Ensembling methods are well known in machine learning for improving prediction accuracy.
However, they are limited in the sense that they cannot effectively discriminate among
underlying component models. Some models perform better at certain types of input instances
than other models. The measure of how good a model is can sometimes be gauged from
"where" it extracted the output and "why" it made the prediction. This information can be exploited
to leverage the component models in an ensemble. In this proposal, we present stacking
with auxiliary features that integrates relevant information from multiple sources to improve
ensembling. We use two types of auxiliary features - instance features and provenance features.

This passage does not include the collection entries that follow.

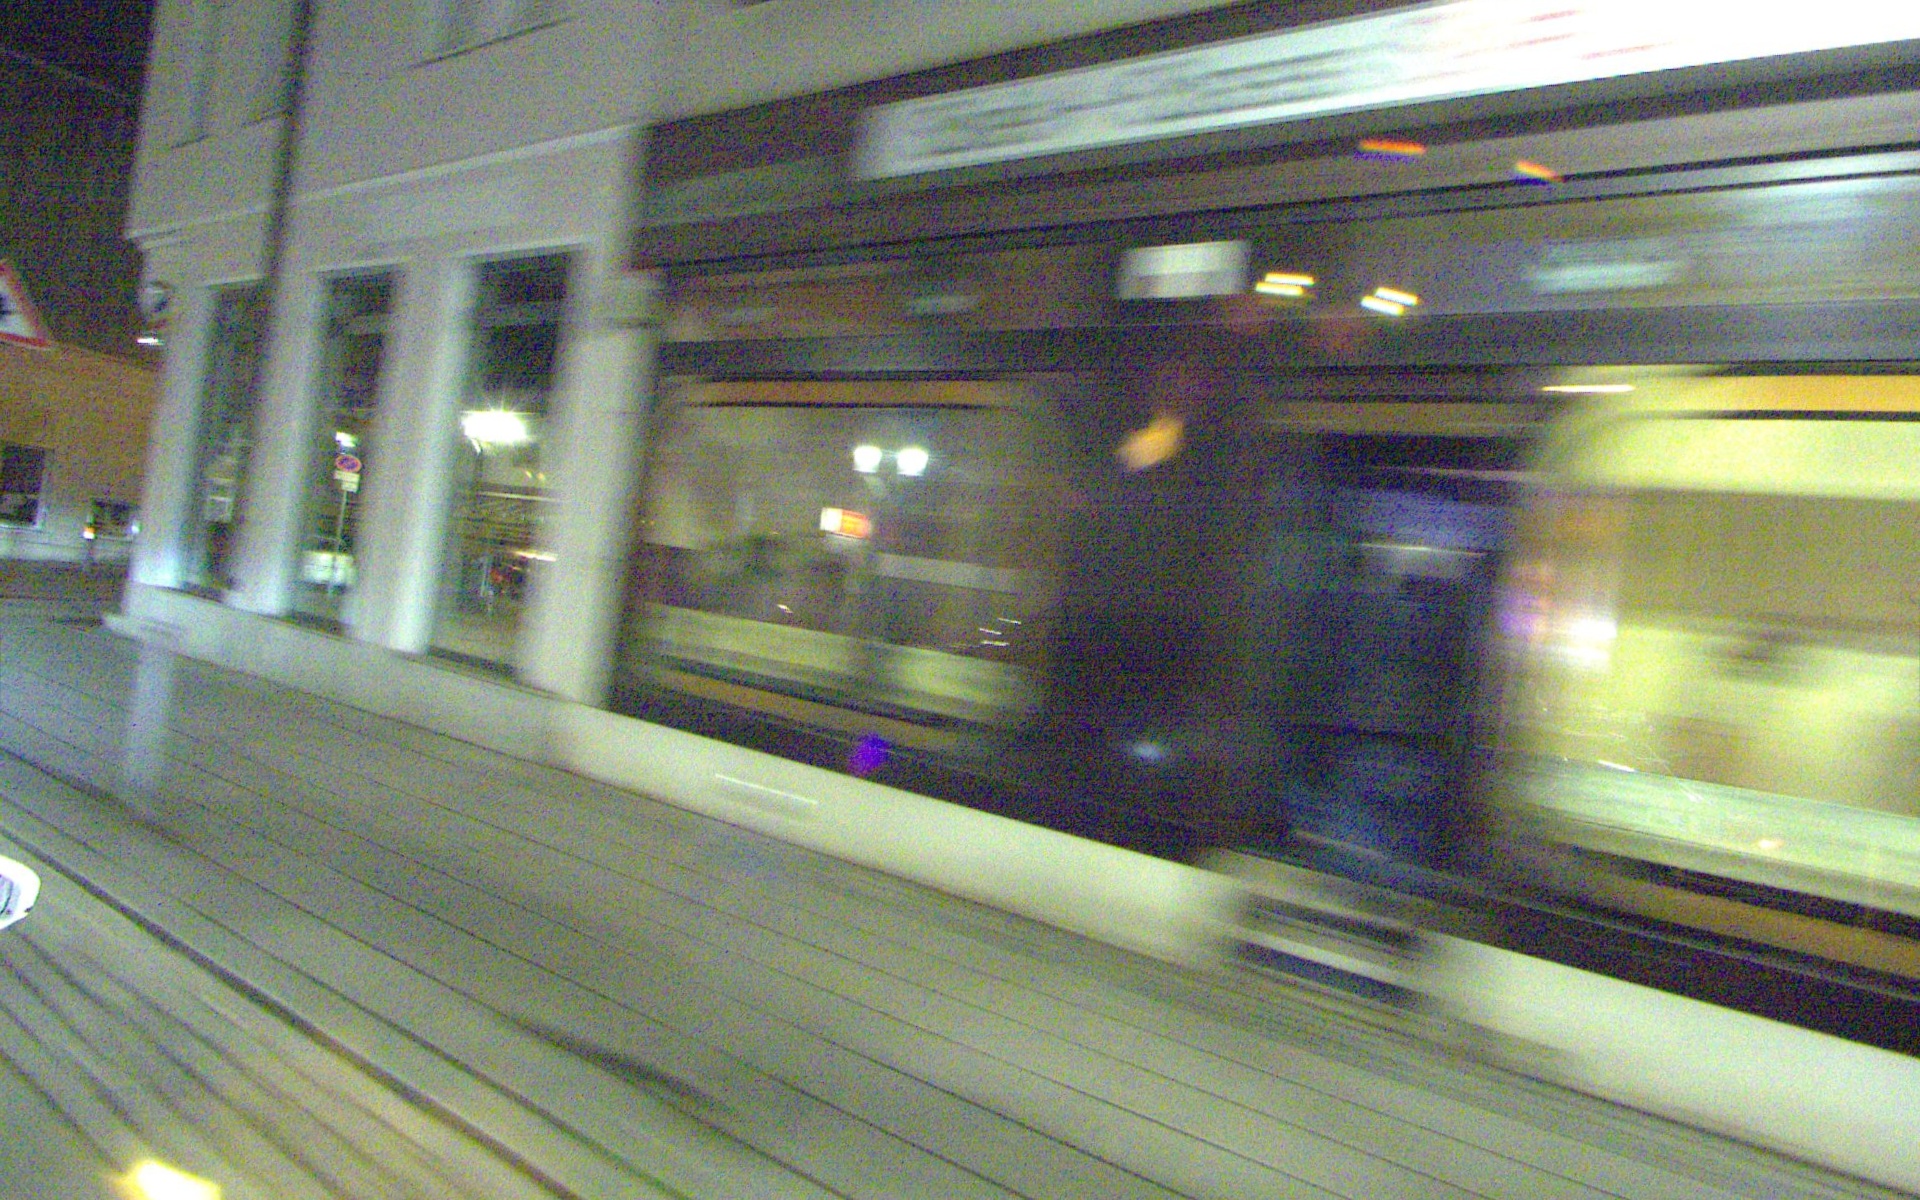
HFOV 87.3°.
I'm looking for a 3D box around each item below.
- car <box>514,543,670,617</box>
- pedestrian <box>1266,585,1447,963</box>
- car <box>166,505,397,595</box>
[{"bbox_3d":[-10.302,-0.520,28.448,1.634,1.607,3.857,7,0,31],"label":"car"},{"bbox_3d":[1.809,0.756,4.575,0.473,1.565,0.501,7,-1,37],"label":"pedestrian"},{"bbox_3d":[-14.235,-1.009,21.279,1.697,1.460,3.616,7,1,31],"label":"car"}]

The instance features enable the stacker to discriminate across input instances while the
provenance features enable the stacker to discriminate across component systems. When combined
together, our algorithm learns to rely on systems that not just agree on an output but also
the provenance of this output in conjunction with the input instance type.

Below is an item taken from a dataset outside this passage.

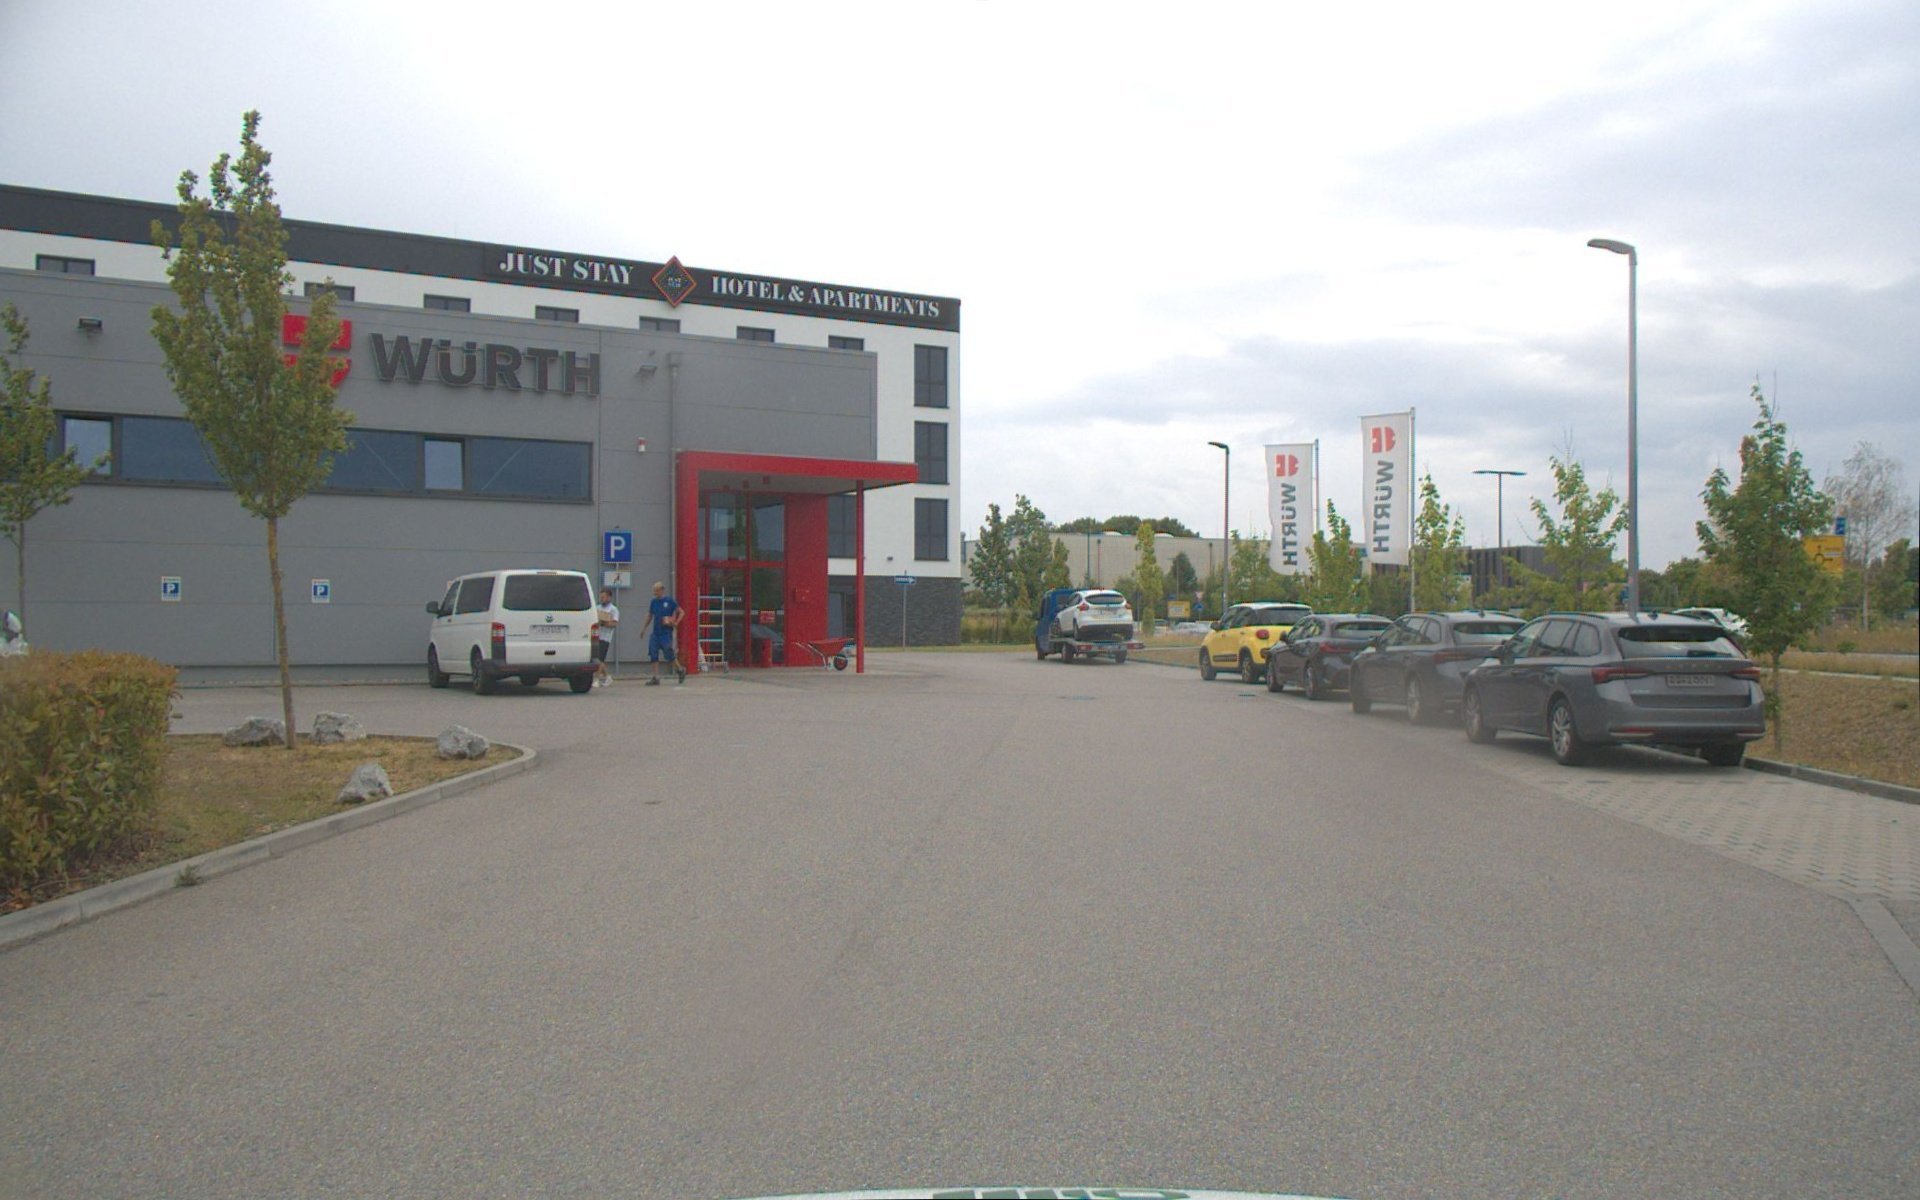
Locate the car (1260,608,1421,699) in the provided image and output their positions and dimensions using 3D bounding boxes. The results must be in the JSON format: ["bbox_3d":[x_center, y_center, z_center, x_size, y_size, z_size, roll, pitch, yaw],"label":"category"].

We demonstrate our approach on three very different and difficult problems: Cold Start
Slot Filling, Tri-lingual Entity Discovery and Linking, and ImageNet Object Detection. The
first two problems are well known tasks in Natural Language Processing, and the third one is
in the domain of Computer Vision. Our algorithm obtains state-of-the-art results on the first
two tasks and significant improvements on the ImageNet task, thus verifying the power and
generality of our approach. We also present a novel approach using stacking for combining
systems that do not have training data in an unsupervised ensemble with systems that do have
training data. Our combined approach achieves state-of-the-art on the Cold Start Slot Filling
and Tri-lingual Entity Discovery and Linking tasks, beating our own prior performance on
ensembling just the supervised systems.
We propose several short-term and long-term extensions to our work. In the short-term, we
focus our work on using more semantic instance-level features for all the three tasks, and use
non-lexical features that are language independent for the two NLP tasks. In the long-term we
propose to demonstrate our ensembling algorithm on the Visual Question Answering task and
use textual/visual explanations as auxiliary features to stacking.
PhD proposal, Department of Computer Science, The University of Texas at Austin.